夫婦共有の寝室が屋敷内にあるにも関わらず、そこを使用しているのはもっぱらアリスだけという現状。
というのも、カレアムは執務棟で寝泊まりしているようなのだ。
それとなくメイドたちに尋ねてみると、「旦那様はいつもあんな感じ」「屋敷はほぼ仕事相手との会食会場」と返事がきた。
自分が避けられているわけではないと知り、とほっとしつつも、せっかくこんな立派な屋敷があるというのに、執務棟だけで暮らしているような状態なのはどうかと思う。普通にもったいない。
執事長を筆頭に使用人たちは、「ようやくこの屋敷に主人が現れた!」とばかりにアリスを歓待してくれるし、非常に敬ってくれるのでやりやすいことこの上ないが、めったに来ないカレアムよりアリスを上に見ている気がする。
使用人たちは、時折敷地内で見かけるカレアムのことはスルーするのに、アリスと出会うと足を止め、「奥様、なにかご不便はございませんか」と職種を問わず声をかけてくる。
本来、この屋敷の主はカレアムではないか、と思うのだが出現頻度が低すぎて最早レアキャラ扱いもされていないらしい。忘れられそうになっている。
そんなこんなで、アリスが王都を離れて二か月が経過したころ。
公爵屋敷での生活にも慣れ、だんだんとルーティンができてきた。
その日。
アリスはいつも通り手伝いに来てくれるシシリーとともに、セレディナ家から依頼された魔石と公爵都が公共で使用している魔石の浄化にあたっていた。
「アリス様、疲れたらおっしゃってくださいね! すぐ休憩にはいりますから!」
シシリーがテキパキと動きながら言う。
彼女はいま、蒸留水を張ったタライから魔石を取り出し、くもりを確認している。いつもはアリスが顕微鏡で確認するのだが、シシリーが目視でするほうが正確で速いため、役割分担をしているのだ。

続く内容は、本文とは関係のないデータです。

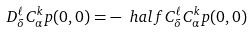<formula> <loc_0><loc_0><loc_500><loc_500>D _ { \delta } ^ { \ell } C _ { \alpha } ^ { k } p ( 0 , 0 ) = - \ h a l f C _ { \delta } ^ { \ell } C _ { \alpha } ^ { k } p ( 0 , 0 )</formula> 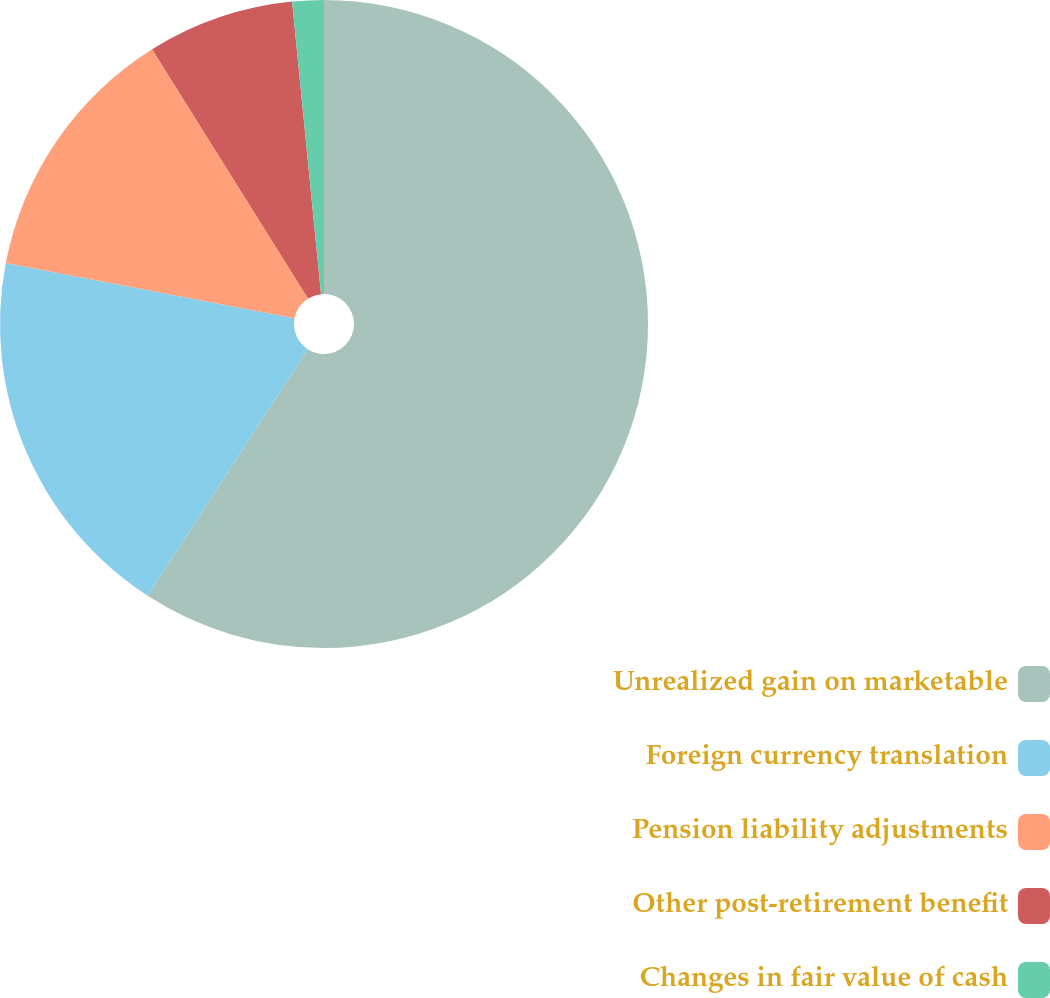Convert chart. <chart><loc_0><loc_0><loc_500><loc_500><pie_chart><fcel>Unrealized gain on marketable<fcel>Foreign currency translation<fcel>Pension liability adjustments<fcel>Other post-retirement benefit<fcel>Changes in fair value of cash<nl><fcel>59.16%<fcel>18.85%<fcel>13.09%<fcel>7.33%<fcel>1.57%<nl></chart>

「私は大丈夫よ。シシリーさんのおかげでだいぶん楽になったんだから」
笑いながら、蒸留器から溜まった蒸留水を取り出す。三角フラスコに移し替えながら、魔石浄化のための蒸留水を必要分用意していた。
「いまは3日に一度お休みももらえるし……。こんなに楽していいのかなって不安になるときがある」
苦笑いしながら、アリスはシシリーがいるテーブルに移動した。
くもりありと判断された魔石を手に取り、椅子に座って絹布で磨き始めているとシシリーがあきれたように言った。

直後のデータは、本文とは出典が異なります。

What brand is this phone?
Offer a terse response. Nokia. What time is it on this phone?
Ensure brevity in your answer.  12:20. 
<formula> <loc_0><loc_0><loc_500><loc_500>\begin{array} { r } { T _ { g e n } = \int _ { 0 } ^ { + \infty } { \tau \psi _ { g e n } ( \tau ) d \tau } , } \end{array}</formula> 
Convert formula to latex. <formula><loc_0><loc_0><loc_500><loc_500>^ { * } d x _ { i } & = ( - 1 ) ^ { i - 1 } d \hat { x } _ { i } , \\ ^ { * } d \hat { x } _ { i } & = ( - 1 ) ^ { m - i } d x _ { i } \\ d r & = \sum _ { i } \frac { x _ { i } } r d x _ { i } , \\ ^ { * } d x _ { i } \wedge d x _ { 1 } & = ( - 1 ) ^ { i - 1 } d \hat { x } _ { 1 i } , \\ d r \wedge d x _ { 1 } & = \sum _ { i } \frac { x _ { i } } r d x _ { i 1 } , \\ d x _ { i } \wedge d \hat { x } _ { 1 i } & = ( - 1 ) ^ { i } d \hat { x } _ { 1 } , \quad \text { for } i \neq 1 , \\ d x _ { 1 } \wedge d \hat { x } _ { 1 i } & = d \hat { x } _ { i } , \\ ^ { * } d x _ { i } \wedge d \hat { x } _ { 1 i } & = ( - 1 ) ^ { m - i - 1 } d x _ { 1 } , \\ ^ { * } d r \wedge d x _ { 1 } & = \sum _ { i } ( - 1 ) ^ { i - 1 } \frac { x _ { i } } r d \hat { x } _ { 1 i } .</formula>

「ってかね、アリス様。人が良すぎ! いままでこの分量以上の魔石の浄化をひとりでやってたんでしょう⁉ ボイコットすればよかったのに!」
「いやあ……でもあれが普通の生活だと思っていたから」
「そこがおかしいんですよ! 奴隷じゃないんですから! だいたいあれですよ、王妃陛下も浄化師なんでしょう⁉ なんで手伝ってくださらないんです⁉」
「なんか、年と共にやっぱり浄化の能力って落ちるみたいで」
「え、そうなのですか!」
「人によるみたいだけど、お辛そうだったから『かまいません。私がします』って申し出たの」
「それ絶対だまされてる! アリス様、だまされてるって!」
「え⁉ そうかなあ」
「人が良すぎる! あー、だから公爵が王都から連れ出してくれてよかったですよ!」
シシリーは、ひとりぷんすか怒っているが、人がいいというのならばこの娘も相当人がいい。
当初、セイオスに会う口実として『浄化の手伝い』に来るのかと思いきや、初日から腕まくりをして『じゃ、あたし、こっちするんで!』と富豪の娘とは思えない体力とバイタリティで仕事を始めた。コミュニケーション能力も高く、屋敷の使用人たちとの関係も良好だ。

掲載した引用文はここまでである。